_What you are asked to do:_ Repeat the data word for word and skip the pictures.
--- START ---
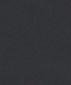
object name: painting
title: Hermanus Boerhaave (1668-1738), Professor of Medicine at the University of Leiden, with his Wife Maria Drolenvaux (1686-1746) and their Daughter Johanna Maria (1712-91)
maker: aert de gelder
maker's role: draughtsman, painter
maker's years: 1645-1727
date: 1720-1725
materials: canvas, oil
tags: leiden, hermanus boerhaave, family group, especially parents with their child(ren), gripping someone by the hand or the wrist; clasped hands
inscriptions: signature
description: Familieportret van Hermanus Boerhaave, hoogleraar in de geneeskunde te Leiden, met zijn vrouw Maria Drolenvaux en hun dochter Johanna Maria, de latere gravin de Thoms. De personen zijn zittend en hand in hand geportretteerd, in fantasiekleding.
--- END ---
_Solution for this task:_
object name: painting
title: Hermanus Boerhaave (1668-1738), Professor of Medicine at the University of Leiden, with his Wife Maria Drolenvaux (1686-1746) and their Daughter Johanna Maria (1712-91)
maker: aert de gelder
maker's role: draughtsman, painter
maker's years: 1645-1727
date: 1720-1725
materials: canvas, oil
tags: leiden, hermanus boerhaave, family group, especially parents with their child(ren), gripping someone by the hand or the wrist; clasped hands
inscriptions: signature
description: Familieportret van Hermanus Boerhaave, hoogleraar in de geneeskunde te Leiden, met zijn vrouw Maria Drolenvaux en hun dochter Johanna Maria, de latere gravin de Thoms. De personen zijn zittend en hand in hand geportretteerd, in fantasiekleding.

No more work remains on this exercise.